◆ **SUPPLIED DATA**:
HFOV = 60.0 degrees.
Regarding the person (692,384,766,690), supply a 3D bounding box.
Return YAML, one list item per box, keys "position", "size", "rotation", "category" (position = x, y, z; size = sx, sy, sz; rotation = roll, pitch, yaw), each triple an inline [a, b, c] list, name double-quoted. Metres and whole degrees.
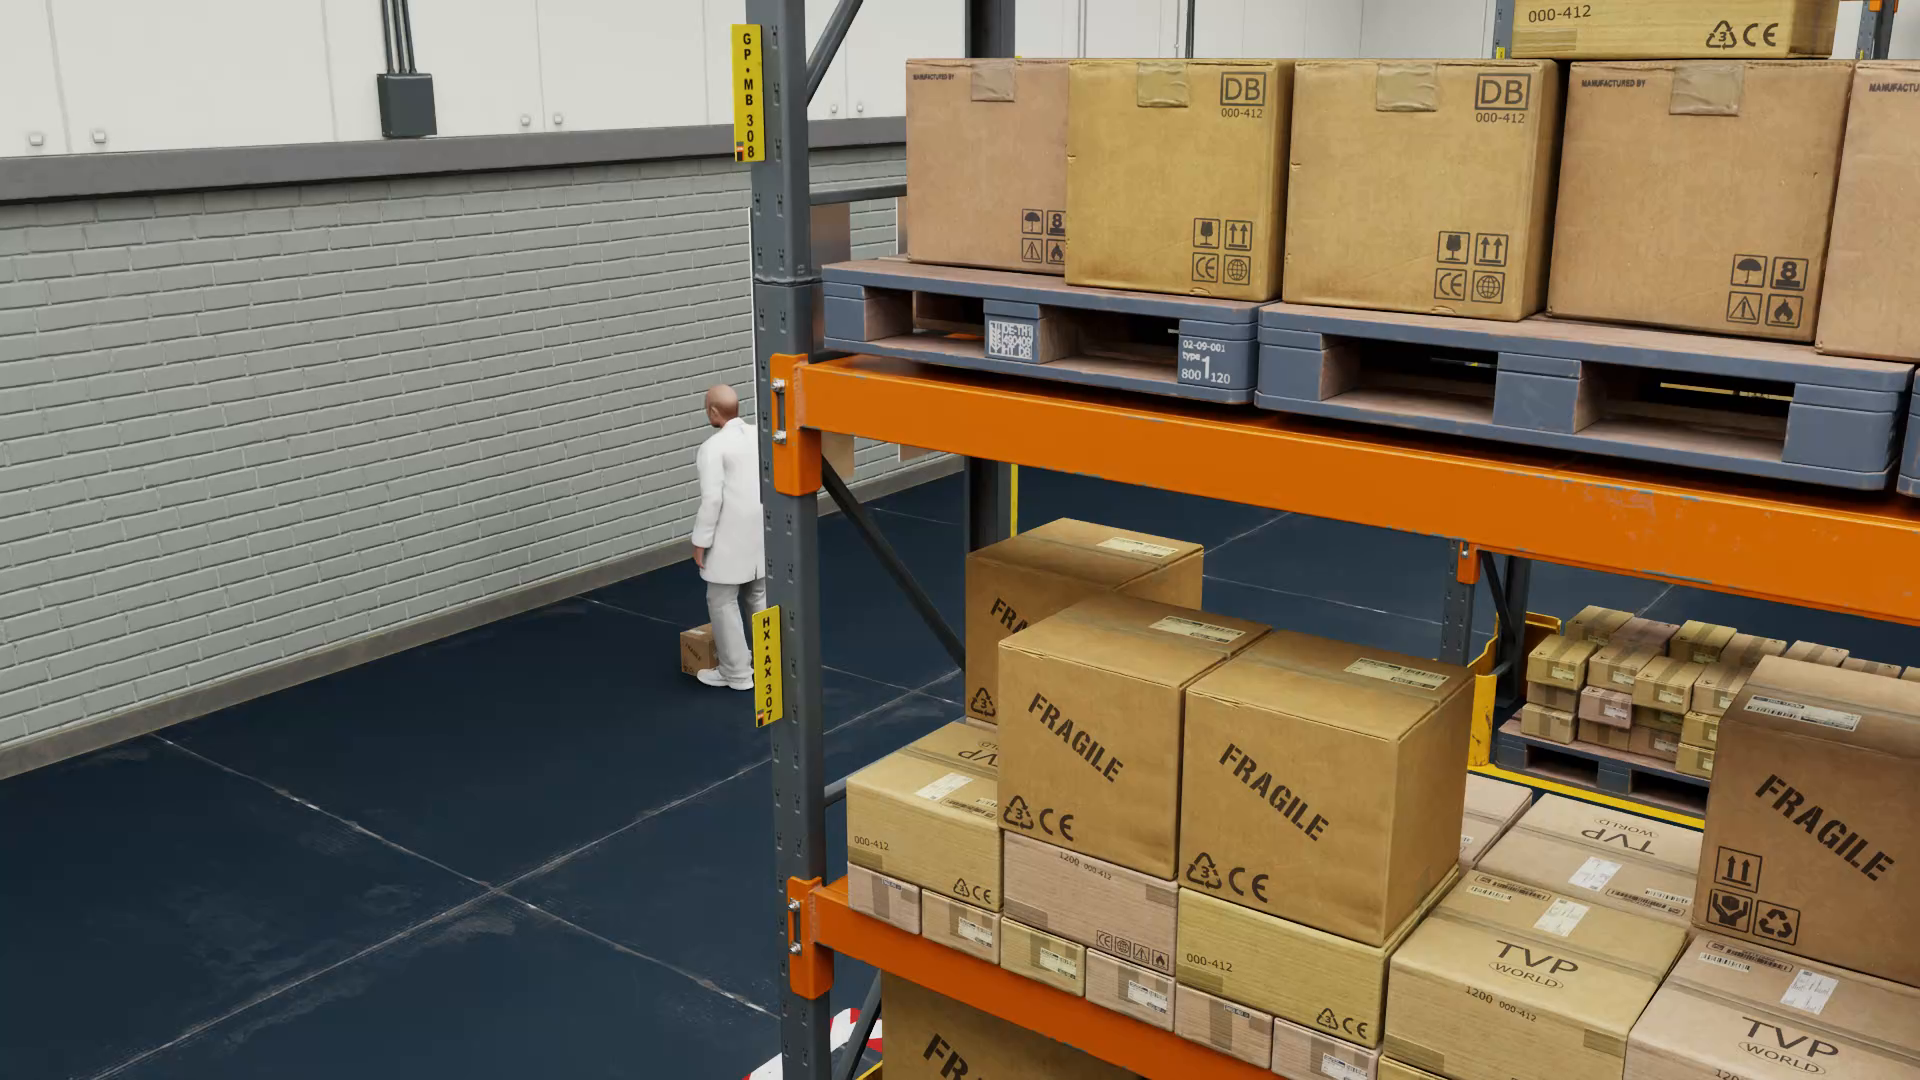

◆ **TASK**: Print the material above verbatim except the pictures.

◆ **SOLVED EXERCISE**:
HFOV = 60.0 degrees.
Regarding the person (692,384,766,690), supply a 3D bounding box.
Return YAML, one list item per box, keys "position", "size", "rotation", "category" (position = x, y, z; size = sx, sy, sz; rotation = roll, pitch, yaw), each triple an inline [a, b, c] list, name double-quoted. Metres and whole degrees.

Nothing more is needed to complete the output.